Same thing here with W10 and W11 ... Maybe false positives...
Only detected by real time engine, not by a manual scan...
Regards
Yves
I am getting this too. Everything was fine a week ago.
Trojan:Script/Wacatac.B!ml
Defender updated to 1.405.524.0 and apps can be checked for updates without the detection.
Windows Defender (on Windows 11 pro) detects Trojan:Script/Sabsik.TE.A!ml with update 1.405.529.0
Windows 11 Pro with update 1.405.529.0 running in a clean virtual machine and it works without issue. Did you change any Security settings?
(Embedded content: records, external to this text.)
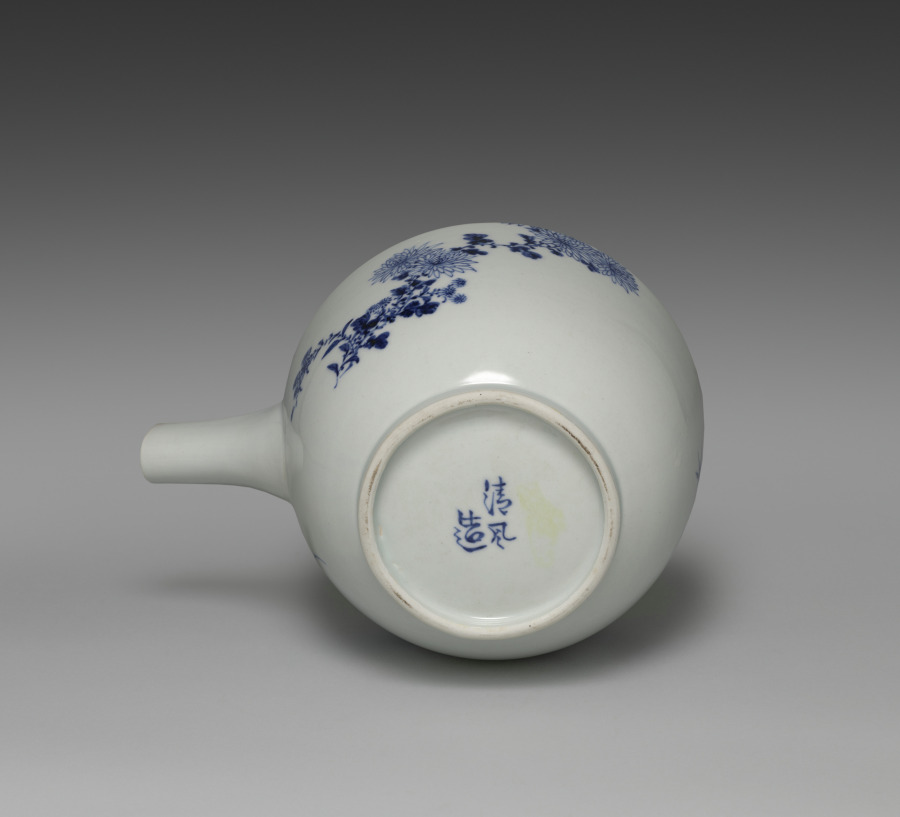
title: Sake Pourer with Chrysanthemum, Orchid, and Plum
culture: Japan
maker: Seifū Yohei III (Japanese, 1851–1914)
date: c. 1887
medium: Porcelain with underglaze blue
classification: Ceramic
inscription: Artist's signature in underglaze blue on the base.
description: This sake pourers has a wide basin with a low foot; a generous spout open across the top half; a flat, round lid with a small knob recessed flush to the top of the container; and a tall, arched handle that meets the container where the top joins the basin at a sharp angle. It has a painting in underglaze blue of the Four Nobles: chrysanthemum, orchid, plum, and bamboo. Unlike the creamy white color of some Yohei III works, the white of this sake pourer has the bluish cast typical of porcelains produced in Kyoto. It is signed in underglaze blue on the base.
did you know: This sake pourer is decorated with the Chinese theme of the Four Nobles, in which the qualities of a good person are represented by plant.
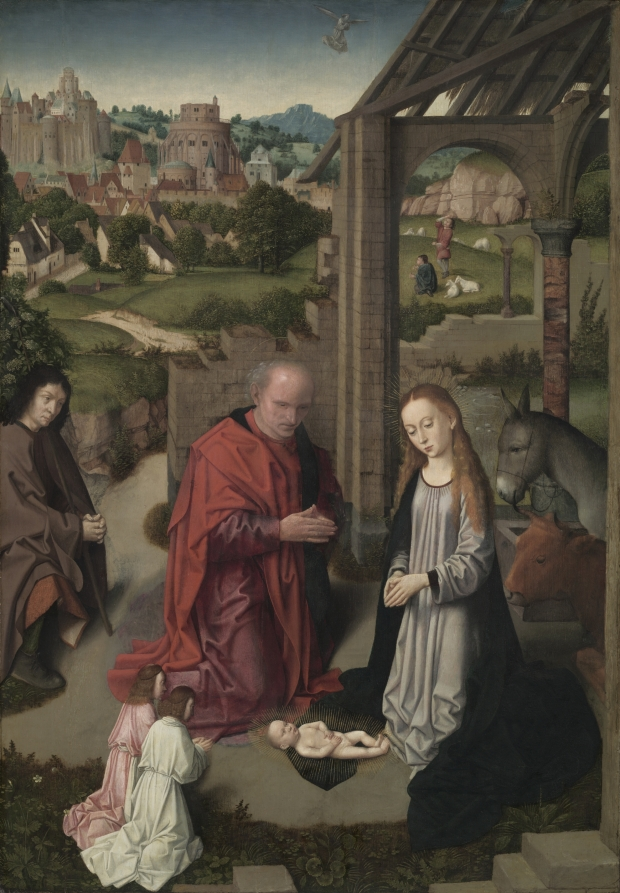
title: The Nativity
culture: Flanders, Bruges
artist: Gerard David (Netherlandish, 1450/60–1523)
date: c. 1485–90
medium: oil on wood panel
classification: Painting
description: The nativity was one of the most frequently depicted subjects in western art. The event marks the entrance of Christ into the world and the fulfillment of Old Testament prophecy. In the distance an angel announces the birth of Christ to the shepherds tending their flocks. One shepherd is already at the stable adoring the Christ child. In the background, the cityscape represents Jerusalem, where Christ would be crucified, represented here as a northern medieval city. Only Matthew and Luke describe Christ’s nativity in the Gospels, which led medieval writers and artists to amplify the event. Some scholars have suggested that the head of Joseph is a donor portrait. Gerard David was born in Oudewater, now located in Utrecht. He spent his mature career in Bruges, where he was a member of the painters’ guild. Upon the death of Hans Memling in 1494, David became Bruges’s leading painter of devotional panels. He was also a manuscript illuminator.
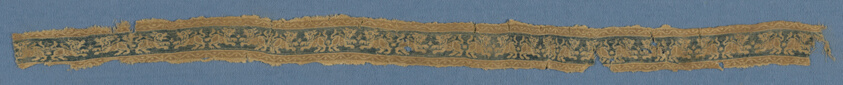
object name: Textile
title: Ribbon
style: roman period (egyptian)
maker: Egypt, Antinöe
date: Roman period (30 B.C.– 641 A.D.), 6th century
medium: Silk, weft-float faced three-color complementary weft twill weave with inner warps
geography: Egypt
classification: textile; weaving
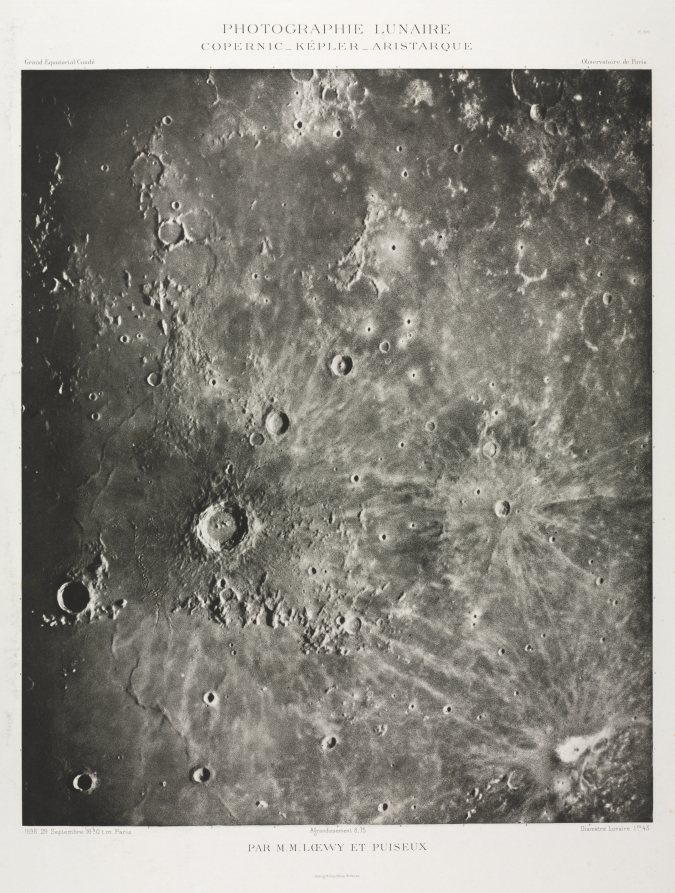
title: Photographie Lunaire: Copernic-Képler-Aristarique
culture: France, 19th century
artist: Maurice Loewy (French, 1833–1907)
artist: Pierre Henri Puiseaux (French, 1855–1928)
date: 1896
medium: photogravure (heliogravure)
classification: Photograph
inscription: Imprinted in black type on recto of photo paper: "Grand Equatorial Coude" Imprinted in black type on recto of photo paper: "1896. 29 Septembre 16 h O.tin.Paris Agrandissement 8.75 Diametre Lunaire 1 m 43" Imprinted in black type along each edge: "1-9" Imprinted in black type on gallery label on verso: "Fraenkel Gallery/49 GEARY STREET SAN FRANCISCO 94108/FURTHERMORE/[30TH Anniversary Exhibition]/Fraenkel Gallery/April 22-June 26, 2010" Imprinted in black type on gallery label on verso: "Fraenkel Gallery/49 GEARY STREET SAN FRANCISCO 94108/LOEWY & PUISEUX/Photographie Lunaire: Copernie-Kepler-/Aristarique, Septembre 29, 1896 heliogravure/22-1/2 x 18-3/4 inches (image)/29-1/2 x 22 inches (sheet)/Plate XVI/[LP.0302.Z]"
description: This plate is from a deluxe 12-volume atlas of the moon created by astronomers Maurice Loewy and Pierre Henri Puiseaux. The atlas remained the most accurate reference of the moon’s surface until the age of space travel. The duo captured thousands of images at the Paris Observatory through a telescope that Loewy invented. It was equipped with a mechanism that tracked the moon’s movements during the exposures. Given weather conditions, they were only able to photograph 50 to 60 nights per year; the project thus took 15 years to complete and contained nearly 100 large-scale photogravures.
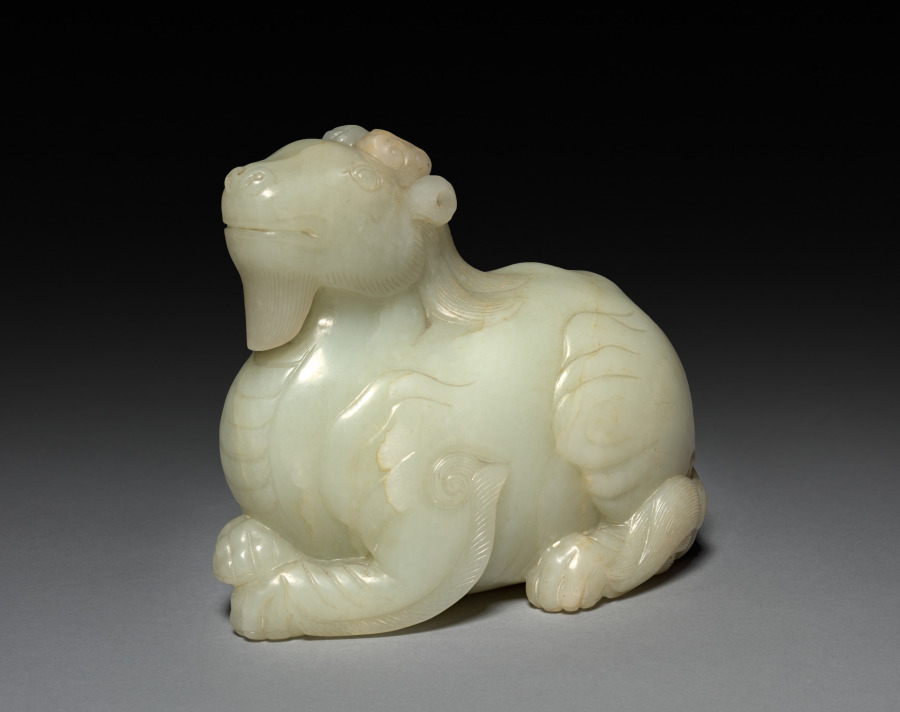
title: Fantastic Animal
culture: China, Qing dynasty (1644-1911)
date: 1700s–1800s
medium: jade
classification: Jade
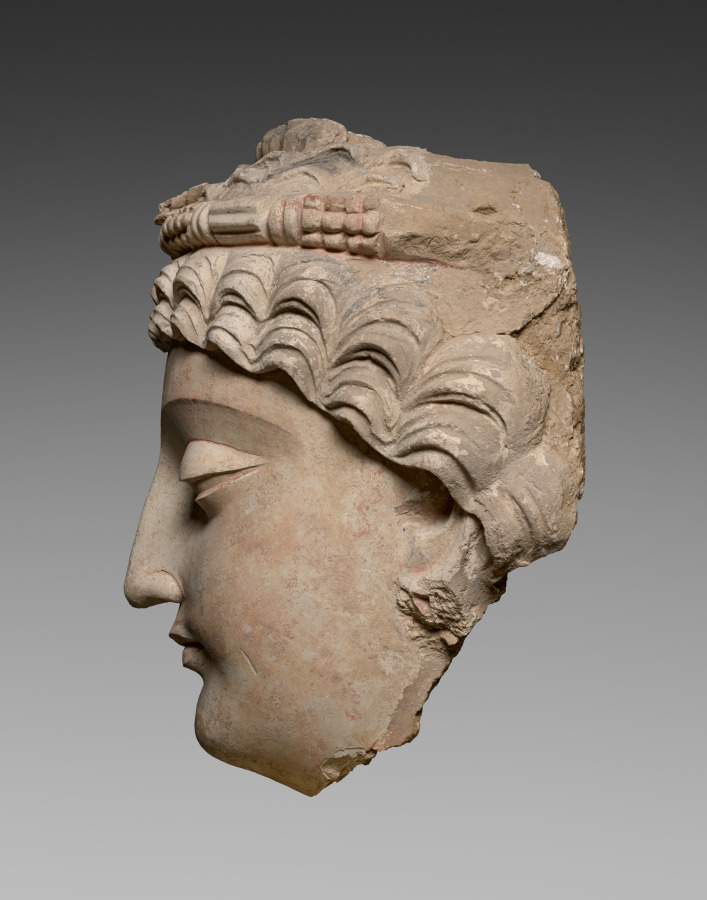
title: Head of Bodhisattva Avalokiteshvara
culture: Afghanistan or Pakistan, Gandhara, Kushan period
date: 300s–400s CE
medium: stucco with traces of paint
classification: Sculpture
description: By this period, individual bodhisattvas were beginning to be revered as ideal figures who would deliberately postpone their own enlightenment and entrance into final nirvana, which is a state from which no one returns to be reborn into this world. Bodhisattvas accomplish all but the final meditation leading to full enlightenment, but they are considered to be so advanced in their practice and realization that they have the ability to control their rebirth and act in righteous and compassionate ways to help others achieve enlightenment. Because the remains of a lotus pedestal on which a Buddha sat is at the center of the diadem, this head can be identified as that of the Bodhisattva of Compassion. The idealized linearity of the brows and eyes along with the formalized waves of hair give an ethereal quality to the otherwise naturalistic face.

Sometimes, the impossible can become possible, if you're awesome!
I haven't made any changes to the security settings, but I don't use a virtual machine.
Using a virtual machine or not shouldn't affect scanning. I just mention it because it's essentially a clean install of Windows 11 Pro which has never had any software installed on it and hasn't had any Windows Security settings altered.
Sometimes, the impossible can become possible, if you're awesome!
I rescanned everything released in the last 3 days. A couple of the launchers had that same false positive in Defender when first released, likely due to an updated code signing certificate (happens yearly), and all the Defender false positives have been resolved in both the installer and launcher. Platform and updater working fine here on Windows 10 and 11 in clean virtual machines using all the default Defender settings with update 1.405.529.0. I'm unsure why a few users are experiencing issues but hopefully it'll settle soon.
Sometimes, the impossible can become possible, if you're awesome!
Problem solved for me with Windows Defender update 1.405.569.0 .
Still okay after updating to 1.405.529.0.
Thanks for letting us know that this was a false positive.